Las simulaciones ayudan a resolver algunas preguntas, mientras plantean otras. Es genial saber que los elementos radiactivos pueden ayudar a secar el sistema húmedo y tener una explicación de por qué los planetas dentro del mismo sistema compartirían propiedades similares. Pero el calentamiento radioactivo puede no ser suficiente. ¿Cómo podemos explicar nuestra Tierra, que es muy seca, de hecho, en comparación con los planetas formados en nuestros modelos? Tal vez tener Júpiter donde estaba también era importante para mantener a la mayoría de los cuerpos helados lejos del Sistema Solar interno, dijo Meyer.
Luego usamos el llamado modelo Berna de formación y evolución de embriones planetarios para investigar qué tipo de planetas se forman a partir de los diferentes planetesimales, explica Christoph Mordasini.

La superficie sólida de la Tierra y su clima moderado pueden deberse, en parte, a una estrella masiva en el entorno de nacimiento del Sol. Sin los elementos radiactivos de esa estrella inyectados en el Sistema Solar temprano, nuestro planeta podría ser un mundo oceánico hostil cubierto de capas de hielo globales.
Todos los planetas tienen un núcleo, manto y corteza. Si el contenido de agua de un planeta rocoso es significativamente mayor que en la Tierra, el manto está cubierto por un océano global profundo y una capa de hielo impenetrable en el fondo del océano.(?) Esto evita procesos geoquímicos, como el ciclo del carbono en la Tierra, que estabilizan el clima y crean condiciones de superficie que conducen a la vida tal como la conocemos.
Los planetas internos terrestres de nuestro Sistema Solar aparecen, afortunadamente, muy secos porque demasiada agua puede ser perjudicial para la vida.

Fig. 2 Los sistemas planetarios nacidos en regiones densas y masivas de formación de estrellas heredan cantidades sustanciales de Aluminio-26, que secan los planetesimales antes de la acumulación (izquierda). Los planetas formados en regiones de baja formación de estrellas acumulan muchos cuerpos ricos en agua y crean mundos oceánicos (derecha). Crédito: Thibaut Roger.

Nosotros matizamos que cuando dice que un planeta océano es hostil para la vida se refiere a la vida humana. Nada impide que puedan vivir seres acuáticos. Tampoco entiendo cómo puede haber una capa de hielo en el fondo del océano. Esto se opone al hecho de que el agua presenta una dilatación anómala que hace que el hielo flote. He preferido no quitarlo y exponer mi extrañeza. No obstante sabemos que el agua presenta muchas fases según las condiciones de presión y temperatura y no nos extrañaría que en los planetas océano hubiera fases del agua no habituales en la Tierra. La obra La aptitud del ambiente de L.J. Henderson (1958) es un estudio clásico sobre las peculiares propiedades del agua.
En el pie de la figura 2 cambia sistemas planetarios cuya compresión de la nube protoplanetaria ha sido causado por una supernova por nacidos en regiones densas y masivas de formación de estrellas lo cual en principio es más general. Pero ignoramos que porcentaje de sistemas es producido por la explosión de una supernova, cual lo provoca la entrada de la nube en un brazo espiral de la galaxia, cuál a la autogravedad o si hay otro proceso. Además ello exige que el Al-26 se integre y seque los granos antes de la formación de planetesimales. Sólo así esto no representaría una nueva condición a la habitabilidad planetaria.

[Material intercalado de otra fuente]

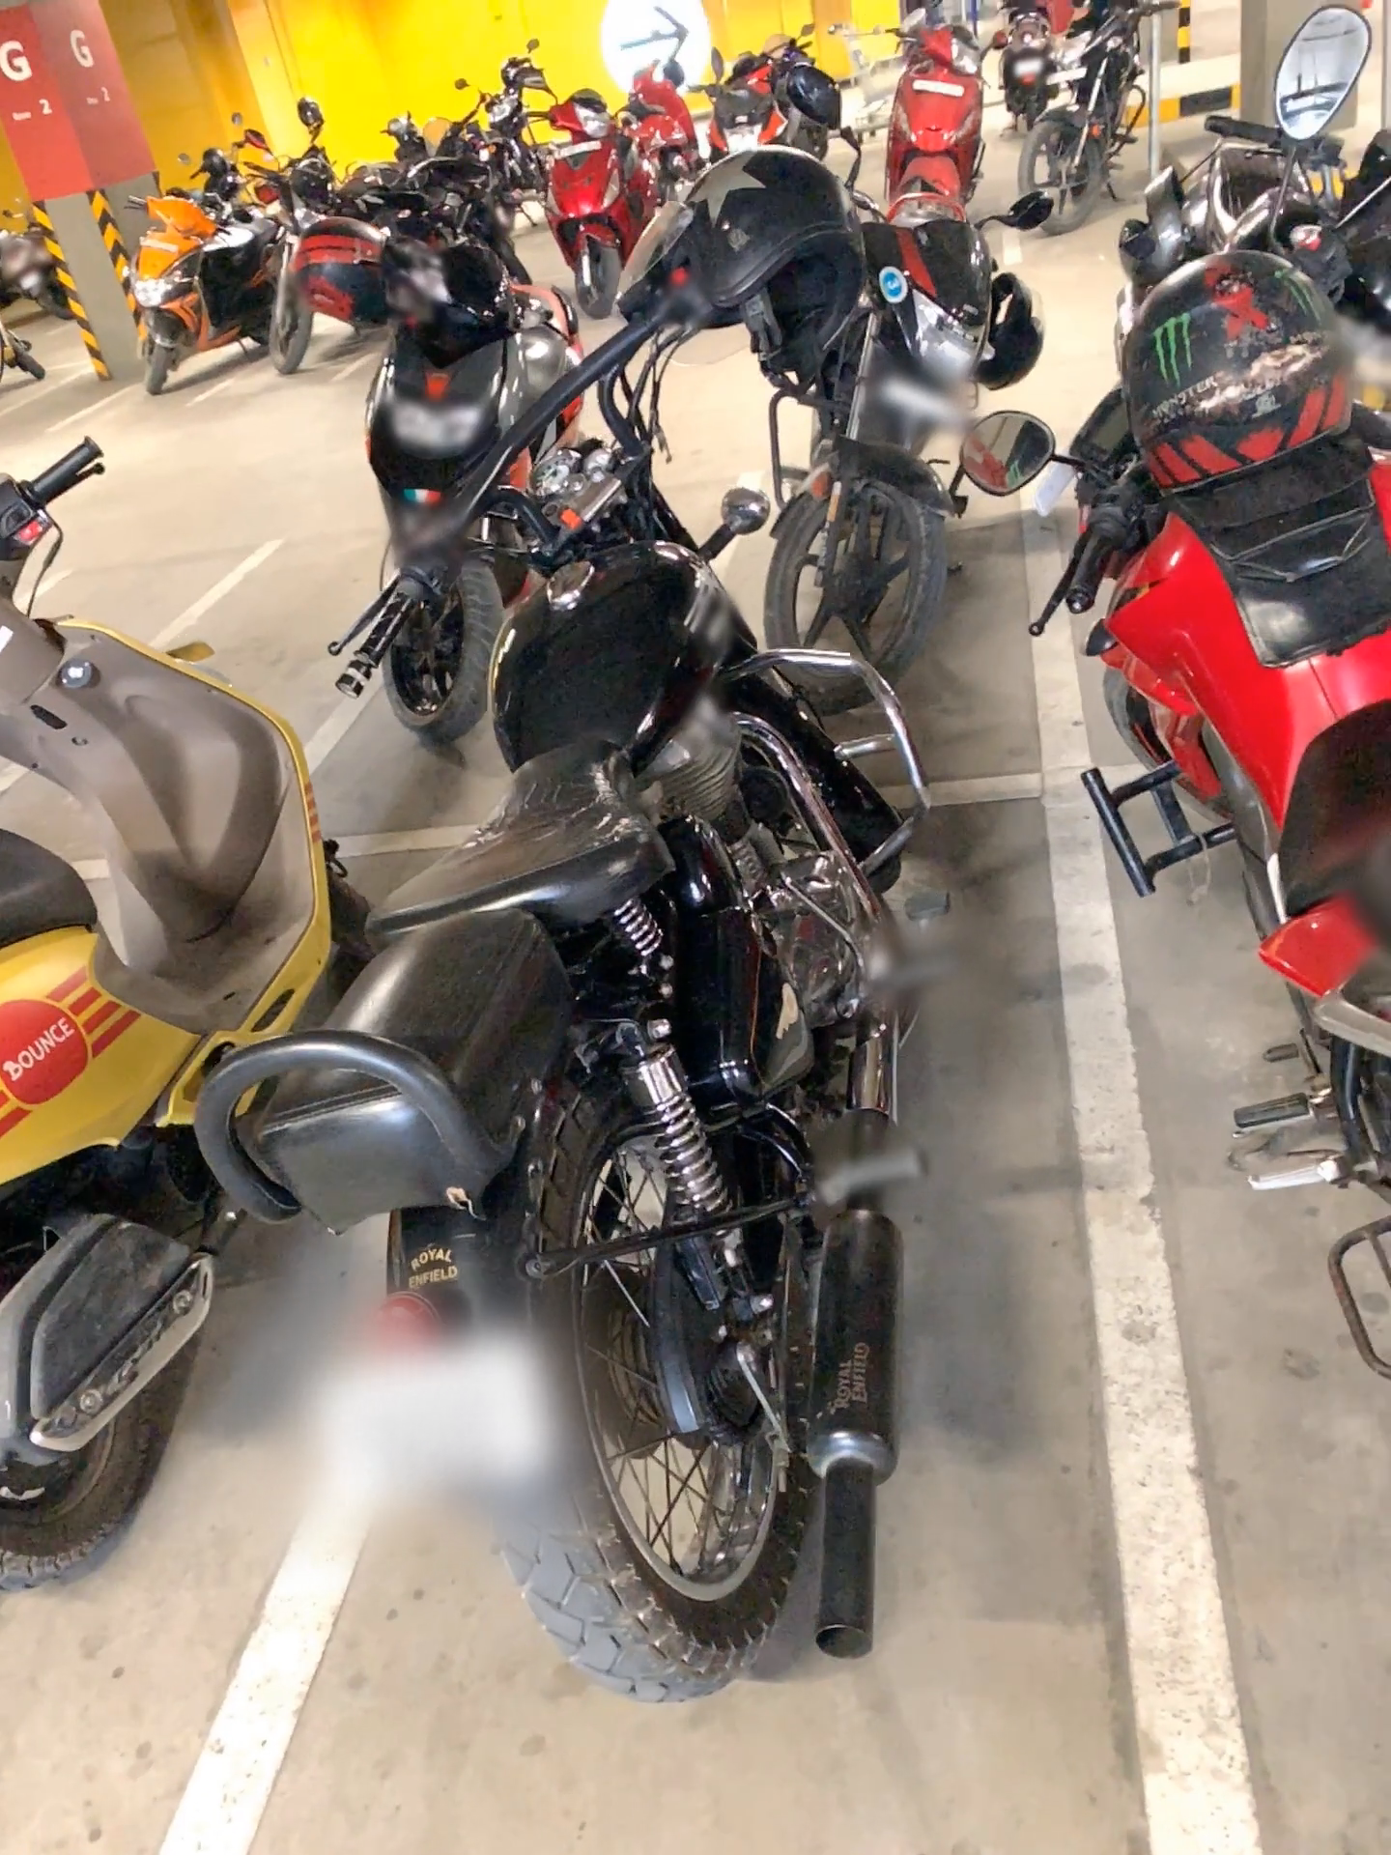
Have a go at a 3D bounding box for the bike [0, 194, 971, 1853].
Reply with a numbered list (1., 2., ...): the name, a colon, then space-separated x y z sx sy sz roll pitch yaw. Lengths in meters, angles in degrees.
1. bike: -0.217 -0.137 1.993 0.799 1.303 2.031 -8 32 8

6. ¿Una nueva condición para la habitabilidad?

Ahora vamos a tratar de establecer, cuales son las condiciones o propiedades del planeta, necesarias para que surja la vida. Un planeta habitado o con vida será aquel en el que se den esas condiciones. Cómo no sabemos exactamente ¿qué es la vida? ni ¿cómo surgió? Estas condiciones son desconocidas.
Los planetas tienen unas características o propiedades que pueden ser intrínsecas, posicionales y derivadas (o secundarias).
Las propiedades intrínsecas incluyen masa, radio, periodo de rotación, edad y propiedades de la estrella en torno a la cual gira el planeta. Son todas astronómicas.
Las propiedades posicionales son la distancia a la estrella, inclinación del ecuador, excentricidad, sistema de satélites. Son todas astronómicas.
Las propiedades derivadas incluyen radiación recibida, temperatura efectiva, temperatura superficial, aceleración de la gravedad, presión atmosférica, estructura, composición interna, factores de marea, niveles de radioactividad, tectónica de placas, actividad volcánica, composición atmosférica, meteoritos y existencia de formas de vida. Son una mezcla de propiedades astronómicas y geobiológicas.
Entre las propiedades astronómicas destacan que el proceso de formación del sistema planetario llegue en algún momento de su existencia a una estabilidad gravitatoria mínima, y cierta estabilidad en los parámetros astronómicos, que permitan a la vida aparecer y evolucionar. La vida terrestre, en su extraordinaria complejidad y variedad, ha podido contar por tanto con un aliado irremplazable: la estabilidad. Una Luna para asegurar la adecuada orientación del planeta, un Júpiter para librarlo de asteroides intrusos, pero también una órbita circular que garantiza que se encuentre siempre a la misma distancia del Sol.
Entre las propiedades derivadas es importante que la masa y temperatura permitan el mantenimiento de una atmósfera; una masa, que permita la existencia de un núcleo de hierro fundido; y un periodo de rotación no demasiado largo, que permita la existencia de un campo magnético, que nos proteja de la radiación a altas energías de la estrella y proteja la atmósfera del planeta de perdidas catastróficas; debe haber un planeta dotado de una tectónica de placas, que permita el ciclo del CO₂, y hemos ya leído que esto se impide en los plantas océano.
El planeta debe tener presencia en su superficie de mares de agua líquida, que actúe como disolvente y permita las reacciones de las moléculas biológicas, con un pH cercano al neutro, es decir, ni básico ni ácido, para permitir el crecimiento de células. De esto los planetas océano van sobrados.
El plano del ecuador y el plano de la órbita de la Tierra forman un ángulo de 23 grados y 27 minutos de arco. El eje de rotación de la Tierra no está fijo, se va moviendo alrededor del polo de la órbita, describiendo un cono, con semiamplitud la antedicha y período de unos 25.800 años. Esto es lo que se llama precesión de los equinoccios. Este movimiento del eje de la Tierra es debido a la acción de las fuerzas conjuntas de la Luna y el Sol.
La inclinación del eje es la que causa las estaciones. Si es 0º no hay estaciones, si es 90º durante medio año un hemisferio se dirige a la estrella y es de día mientras el otro hemisferio es de noche; medio año después todo cambia. Determina también la latitud de los paralelos, que dividen las diferentes regiones climáticas del planeta: trópicos y casquetes polares. Para el hemisferio norte con una inclinación de 30º la zona tropical va de 0 a 30º, la zona polar de (90-30)º a 90º y de 30º a 60º la zona templada.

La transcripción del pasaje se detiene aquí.